Does the emperor wear no clothes here? I have no idea. I know next to nothing about the inner workings of the company, or about the medtech world (though I do find it fascinating). I do know that marketing matters a great deal, and traditional biotech and medtech companies don't seem to care too much about consumer image. They rely on time-tested sales channels and retail strategies. Theranos is different in the respect that it's running an Apple-esque marketing and PR playbook in an industry that traditionally does not.

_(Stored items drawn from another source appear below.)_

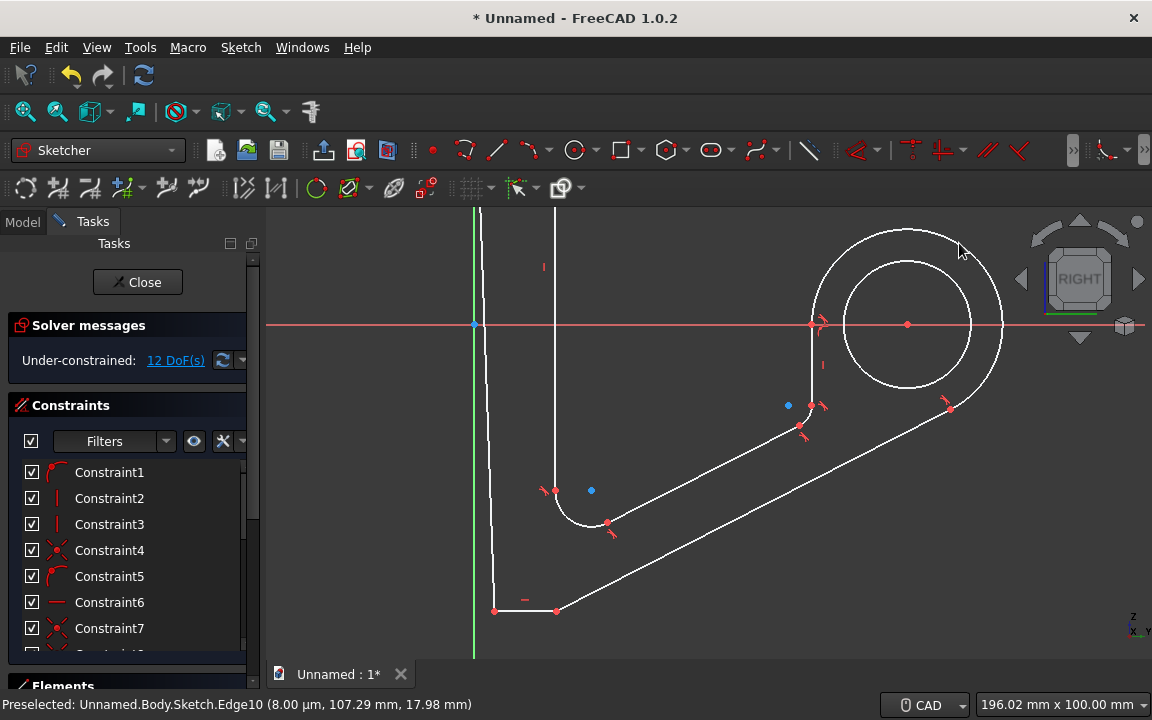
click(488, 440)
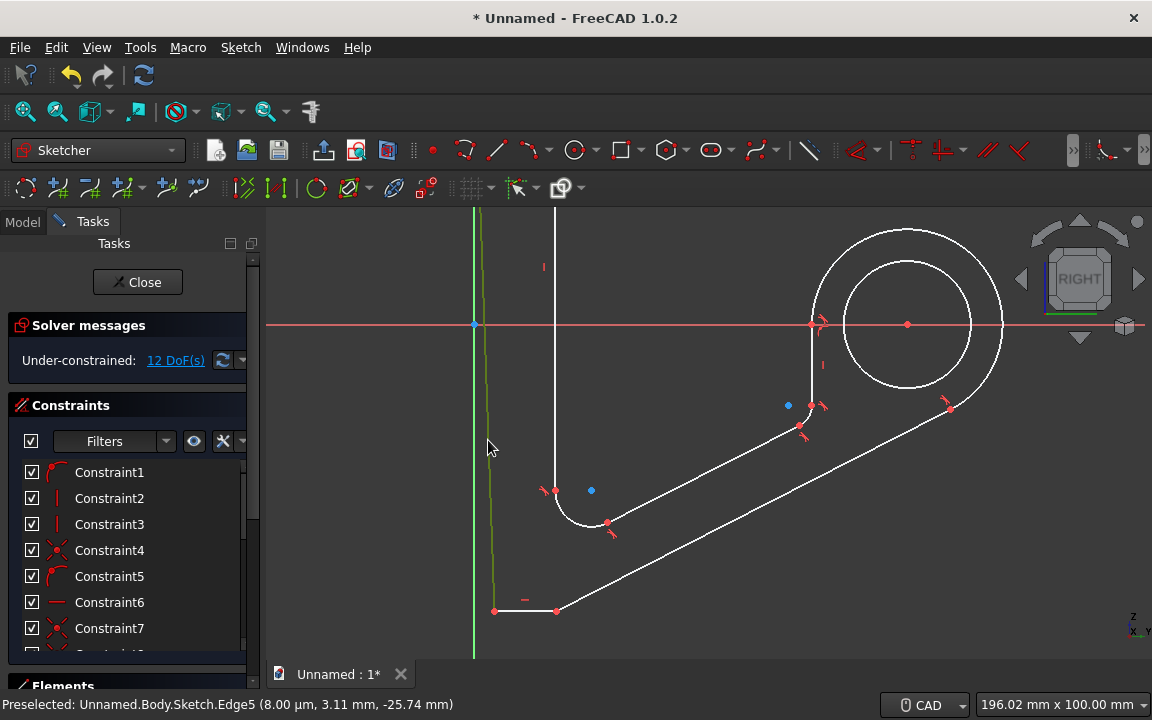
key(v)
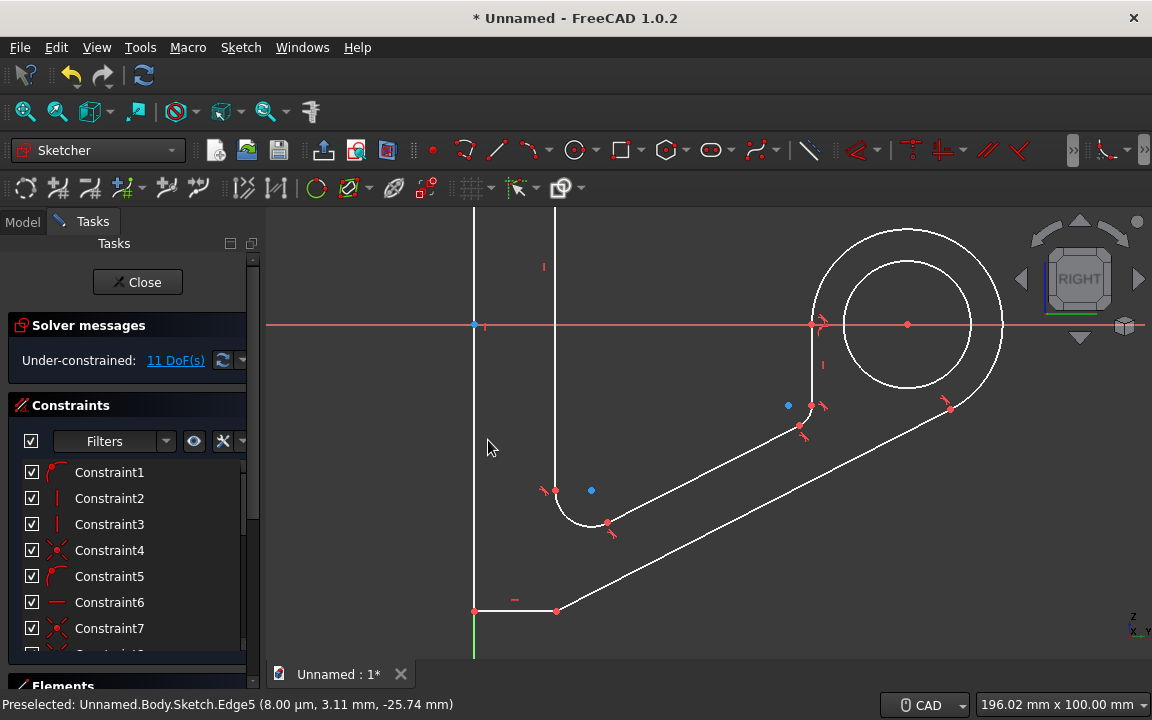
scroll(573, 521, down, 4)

"what these people are doing for lab testing, in terms of technology, sounds totally revolutionary IF YOU DON'T KNOW ANYTHING ABOUT CLINICAL LABS."
Yes, and I think Theranos/Holmes are well aware of that fact. If anything, they see it as an opportunity to seize a beachhead in consumer consciousness. The thinking process seems to be: most consumers know virtually nothing about how this all works, ergo, we can appear as gods before them. That is a speculative and perhaps cynical read, but at the same time, I admire their savvy. I admire it a great deal.
[1] Preemptive note: I am saying "to some" degree here. :) I'm not saying she is Steve Jobs, or that the comparison need extend any further, to any other dimensions, than in the specific area I'm talking about in this case. But I think you can make the case that someone who always appears in black turtlenecks, and has a way of invoking the name "Steve Jobs" in almost every major article about her, is intentionally aiming for the comparison. Which is exactly what Steve Jobs himself would have done, in a manner of speaking. (Cf., his intentional evocations of Edison, Ford, Picasso, etc.)
nilkn|11 years ago
She's literally dressing like him for her self-promotional photos, in a way that was specifically mocked in HBO's "Silicon Valley" series recently.
specialp|11 years ago
throwaway979|11 years ago
smanuel|11 years ago
And I think people who work that much are more likely to make mistakes.
L_Rahman|11 years ago
Theranos' technology is likely not going to blow my mind but I have to give them a lot of credit for incredible PR and (depending on how good the product actually ends up being) execution.
tel|11 years ago
The FDA question is still really vital, of course.